What you have to do:
Omit every picture. Return all other data as it stands.

Records provided:
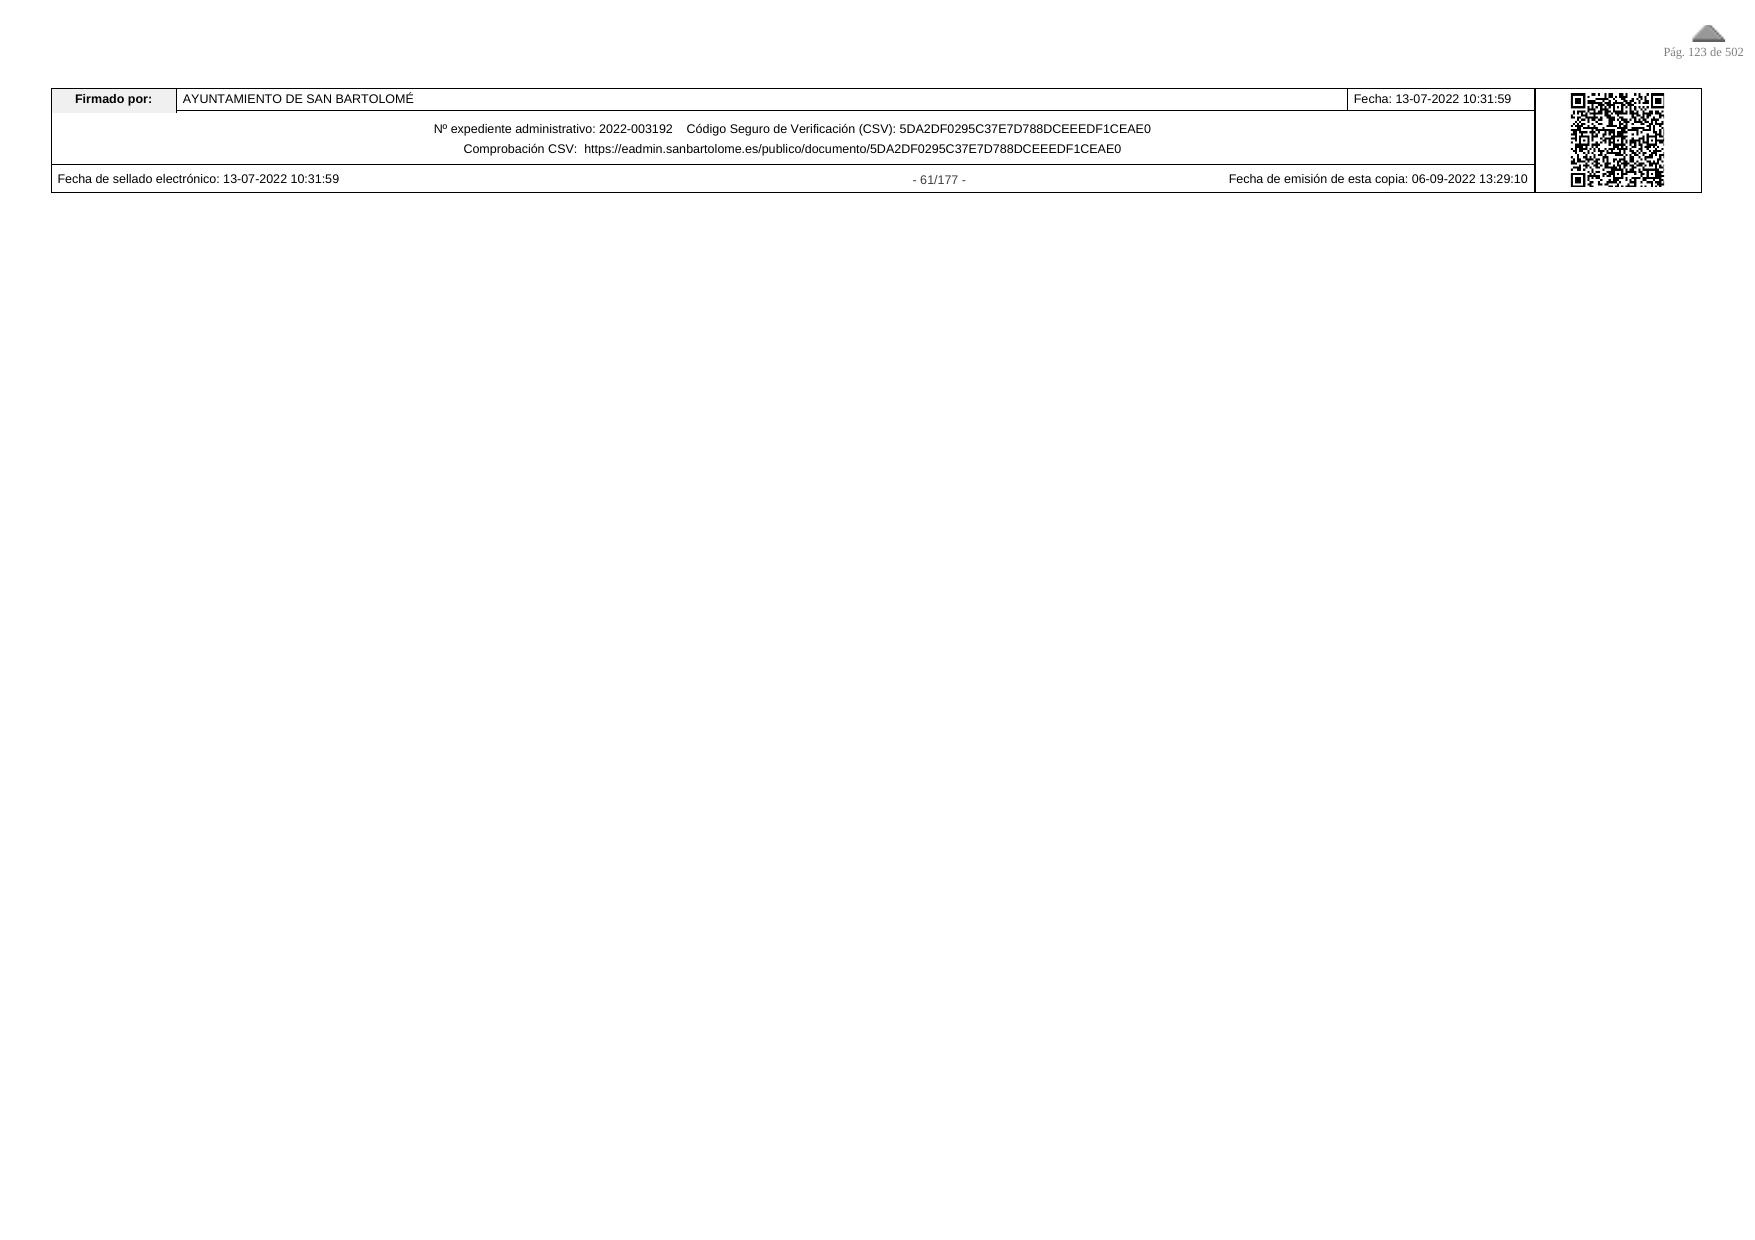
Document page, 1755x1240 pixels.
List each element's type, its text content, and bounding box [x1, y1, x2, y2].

picture [1691, 25, 1726, 42]
table_cell Fecha de sellado electrónico: 13-07-2022 10:31:59 - 61/177 - Fecha de emisión de esta copia: 06-09-2022 13:29:10 [52, 165, 1534, 192]
table_header Fecha: 13-07-2022 10:31:59 [1348, 89, 1534, 110]
table_cell Nº expediente administrativo: 2022-003192 Código Seguro de Verificación (CSV): 5DA2DF0295C37E7D788DCEEEDF1CEAE0 Comprobación CSV: https://eadmin.sanbartolome.es/publico/documento/5DA2DF0295C37E7D788DCEEEDF1CEAE0 [52, 111, 1534, 164]
table_header Firmado por: [52, 89, 176, 110]
picture [1570, 93, 1665, 187]
table_header [1536, 89, 1701, 192]
table_header AYUNTAMIENTO DE SAN BARTOLOMÉ [177, 89, 1347, 110]

Task solution:
Document page, 1755x1240 pixels.
List each element's type, its text content, and bounding box [x1, y1, x2, y2].

picture [1691, 25, 1726, 42]
table_cell Fecha de sellado electrónico: 13-07-2022 10:31:59 - 61/177 - Fecha de emisión de esta copia: 06-09-2022 13:29:10 [52, 165, 1534, 192]
table_header Fecha: 13-07-2022 10:31:59 [1348, 89, 1534, 110]
table_cell Nº expediente administrativo: 2022-003192 Código Seguro de Verificación (CSV): 5DA2DF0295C37E7D788DCEEEDF1CEAE0 Comprobación CSV: https://eadmin.sanbartolome.es/publico/documento/5DA2DF0295C37E7D788DCEEEDF1CEAE0 [52, 111, 1534, 164]
table_header Firmado por: [52, 89, 176, 110]
picture [1570, 93, 1665, 187]
table_header [1536, 89, 1701, 192]
table_header AYUNTAMIENTO DE SAN BARTOLOMÉ [177, 89, 1347, 110]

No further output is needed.